Vashesh, du Droopnath Ramful State College, se dit convaincu qu’il faut maintenir le modèle des National Colleges à partir de Grade 10 : « Cela permettra une meilleure sélection car en Grade 6, les enfants ne sont pas prêts. » Il avance qu’il n’y aura pas de Rat Race, étant donné qu’il y a moins d’élèves et plus de places dans les National Colleges, comparé au passé.
S’adressant aux élèves et enseignants présents, le ministre de l’Éducation, Mahend Gungapersad, a déclaré que dans une démocratie, il est important d’avoir les opinions diverses. D’où la raison des consultations. « Nous avons une date limite, le 13 février. Ensuite, il y aura une décision à prendre. Je prendrai la décision. Le gouvernement prendra la décision », a-t-il fait comprendre.
Il a ajouté que le bien-être des enfants demeure la priorité, tout en appelant à la collaboration de tout un chacun. Dans la foulée, il a dénoncé les critiques acerbes sur les réseaux sociaux, suivant la baisse de performance au School Certificate : « Parfois les adultes sont toxiques. Ils ne savent pas comment parler », accuse-t-il.
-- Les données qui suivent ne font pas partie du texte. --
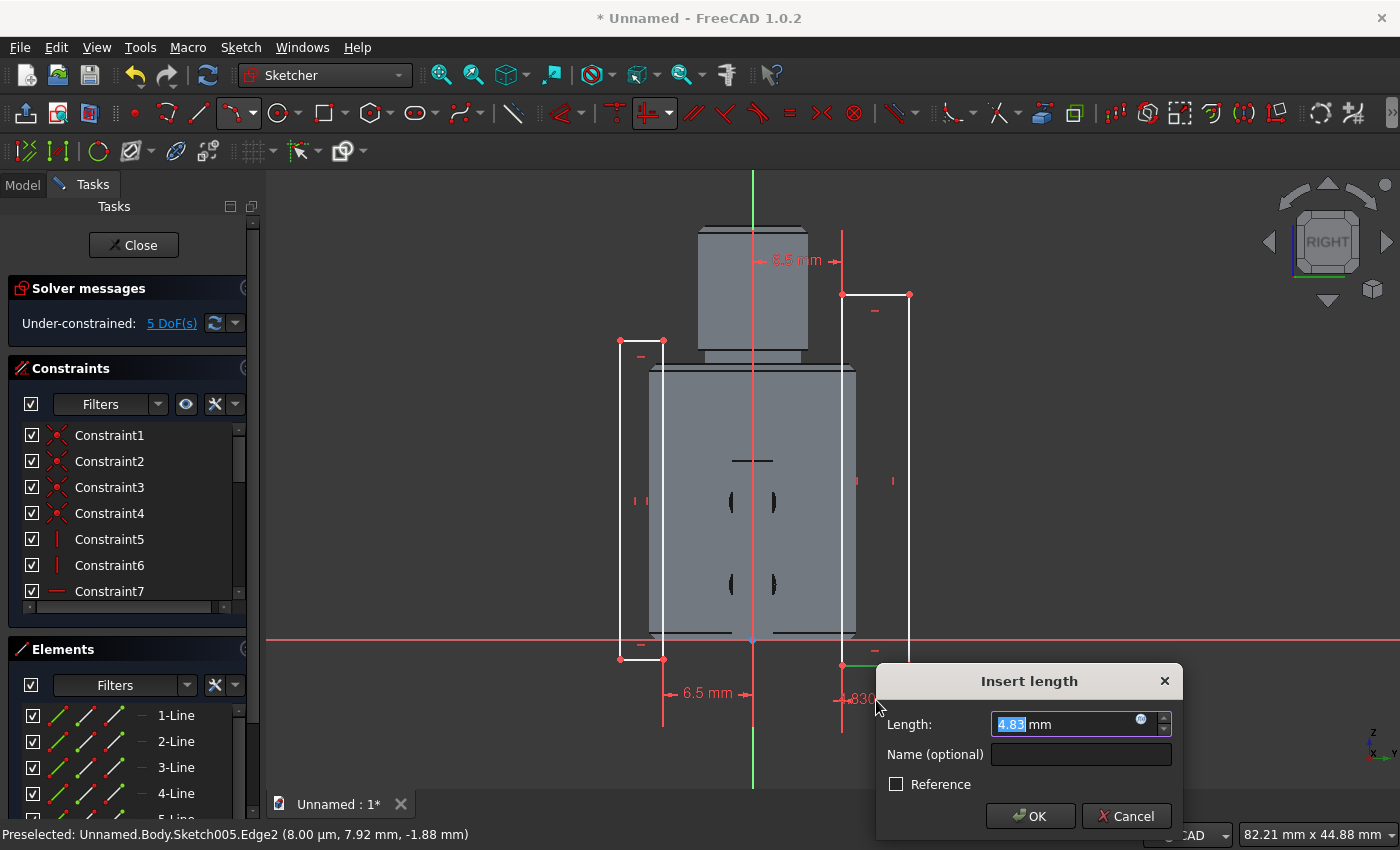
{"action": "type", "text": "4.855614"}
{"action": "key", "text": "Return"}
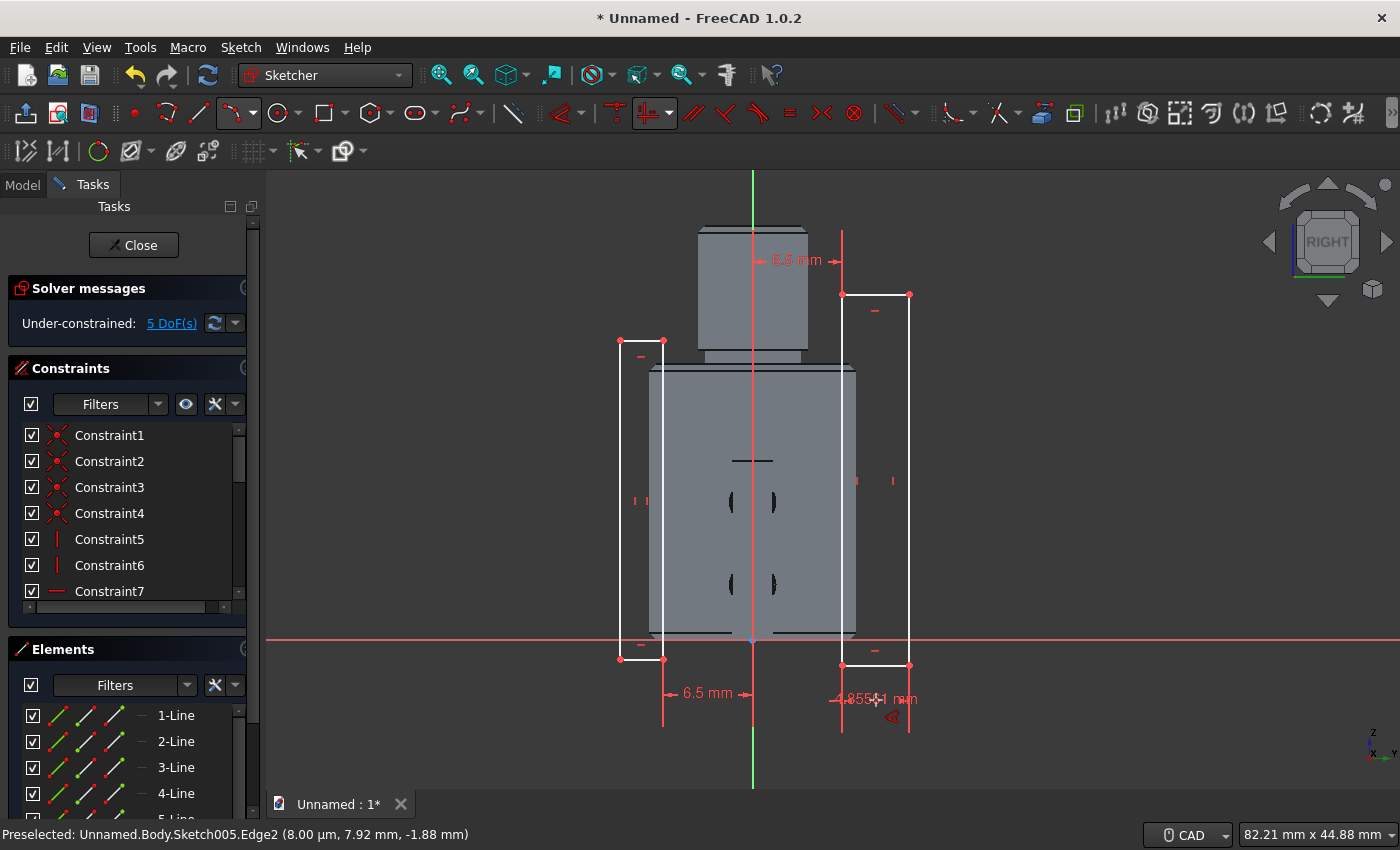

Mahend Gungapersad a également réitéré la philosophie derrière le critère des trois Credits pour accéder en HSC. « Dans la vie, il y a ceux qui sont très performants, ceux qui sont moyens et les Low Achievers. Il faut prévoir pour tout le monde. Je n’ai jamais dit qu’il faut avoir seulement trois Credits. Il y en a beaucoup qui ont des distinctions. Mais il ne faut pas oublier ceux qui ont des difficultés », a-t-il mis en avant.
Le ministre a ainsi invité les jeunes à toujours donner le meilleur d’eux-mêmes, selon leurs possibilités. « L’éducation est pour tout le monde. Nous avons une vision. Ne donnez pas l’occasion aux personnes toxiques de se moquer de vous », a-t-il conclu.